Entries supplied ▸
────────────────────

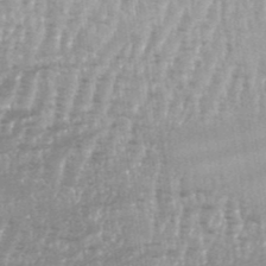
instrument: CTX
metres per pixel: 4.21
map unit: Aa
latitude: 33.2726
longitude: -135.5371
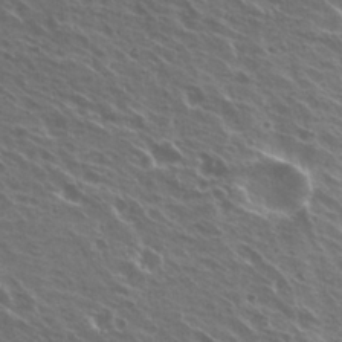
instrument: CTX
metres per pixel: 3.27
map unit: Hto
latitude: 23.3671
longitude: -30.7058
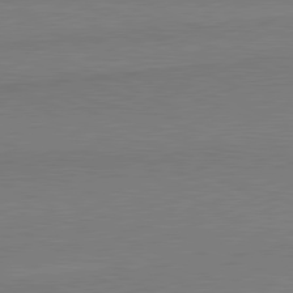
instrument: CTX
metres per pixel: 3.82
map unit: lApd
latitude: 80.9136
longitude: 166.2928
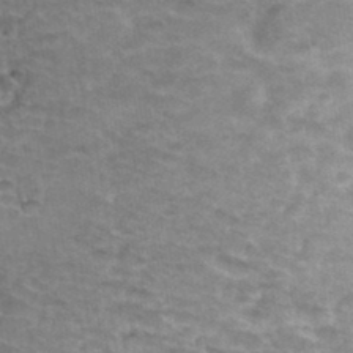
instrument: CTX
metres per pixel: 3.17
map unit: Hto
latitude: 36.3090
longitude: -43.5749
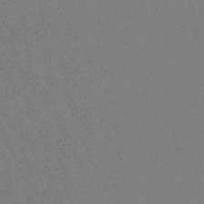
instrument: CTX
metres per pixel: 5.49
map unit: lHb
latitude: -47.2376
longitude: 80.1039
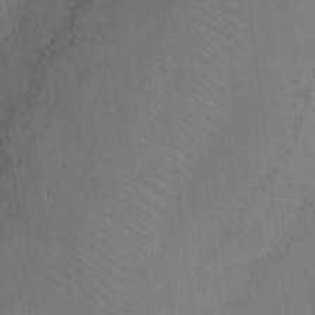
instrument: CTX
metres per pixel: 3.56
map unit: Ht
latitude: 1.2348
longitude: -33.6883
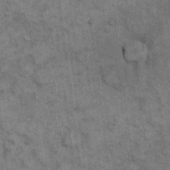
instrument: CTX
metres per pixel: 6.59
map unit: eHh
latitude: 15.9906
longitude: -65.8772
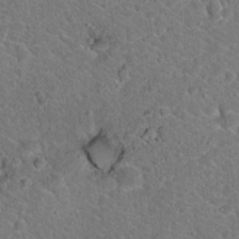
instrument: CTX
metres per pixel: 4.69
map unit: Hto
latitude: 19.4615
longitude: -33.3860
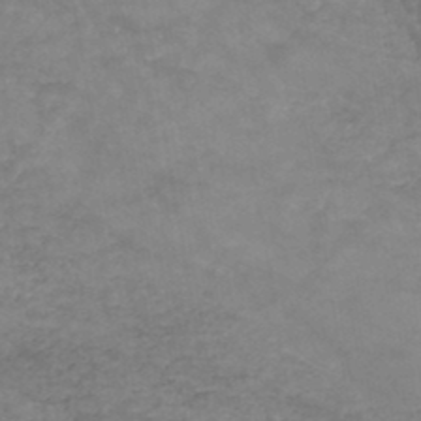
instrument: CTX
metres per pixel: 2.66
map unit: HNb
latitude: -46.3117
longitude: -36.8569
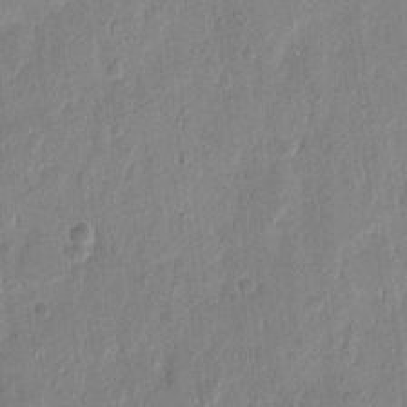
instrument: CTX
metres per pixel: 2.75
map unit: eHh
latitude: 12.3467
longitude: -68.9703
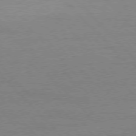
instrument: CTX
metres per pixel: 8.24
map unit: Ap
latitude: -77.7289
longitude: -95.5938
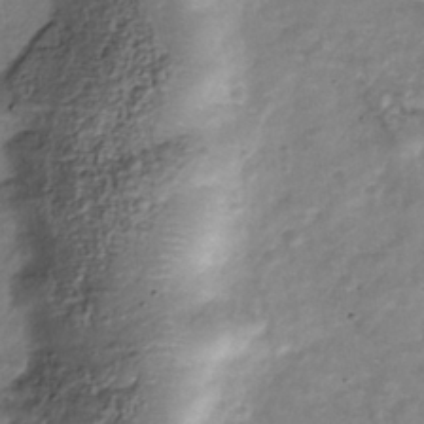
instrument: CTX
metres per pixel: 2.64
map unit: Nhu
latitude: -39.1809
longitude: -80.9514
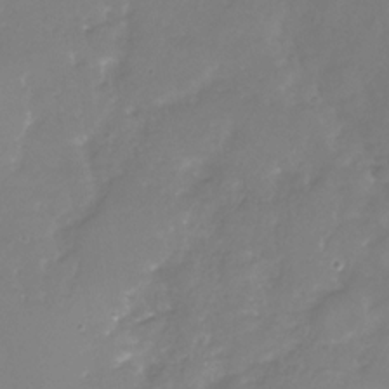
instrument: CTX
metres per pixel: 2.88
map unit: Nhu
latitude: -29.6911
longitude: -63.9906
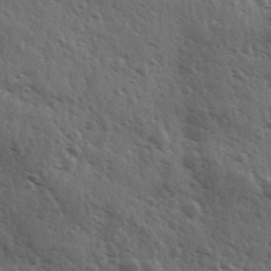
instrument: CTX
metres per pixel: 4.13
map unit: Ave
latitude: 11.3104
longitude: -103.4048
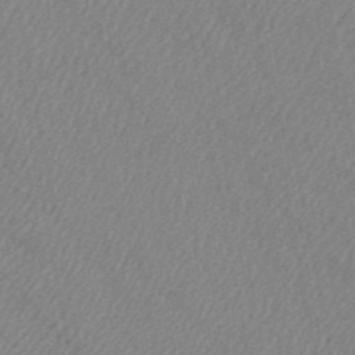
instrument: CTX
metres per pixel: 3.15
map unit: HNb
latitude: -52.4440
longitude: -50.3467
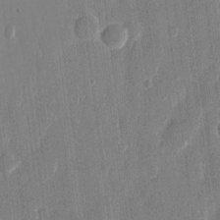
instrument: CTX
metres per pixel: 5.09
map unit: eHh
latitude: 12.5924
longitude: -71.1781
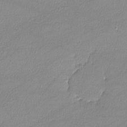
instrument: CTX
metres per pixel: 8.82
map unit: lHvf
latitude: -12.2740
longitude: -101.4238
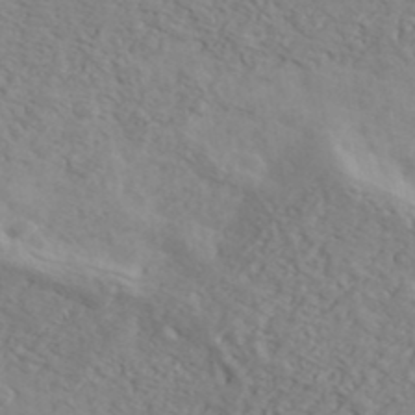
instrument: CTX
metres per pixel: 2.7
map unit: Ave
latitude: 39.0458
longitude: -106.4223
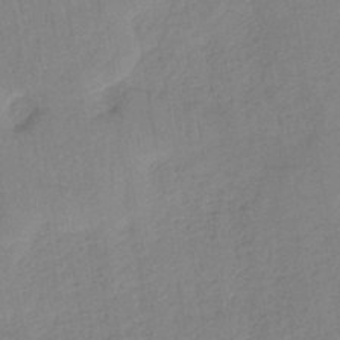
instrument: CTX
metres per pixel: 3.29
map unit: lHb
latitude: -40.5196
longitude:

────────────────────

What this task involves ▸
Reproduce, with no pictures, the lines from the one containing "longitude: -103.4048" to the end of the records above, exactly and inclusively.

Response to the task ▸
longitude: -103.4048
instrument: CTX
metres per pixel: 3.15
map unit: HNb
latitude: -52.4440
longitude: -50.3467
instrument: CTX
metres per pixel: 5.09
map unit: eHh
latitude: 12.5924
longitude: -71.1781
instrument: CTX
metres per pixel: 8.82
map unit: lHvf
latitude: -12.2740
longitude: -101.4238
instrument: CTX
metres per pixel: 2.7
map unit: Ave
latitude: 39.0458
longitude: -106.4223
instrument: CTX
metres per pixel: 3.29
map unit: lHb
latitude: -40.5196
longitude:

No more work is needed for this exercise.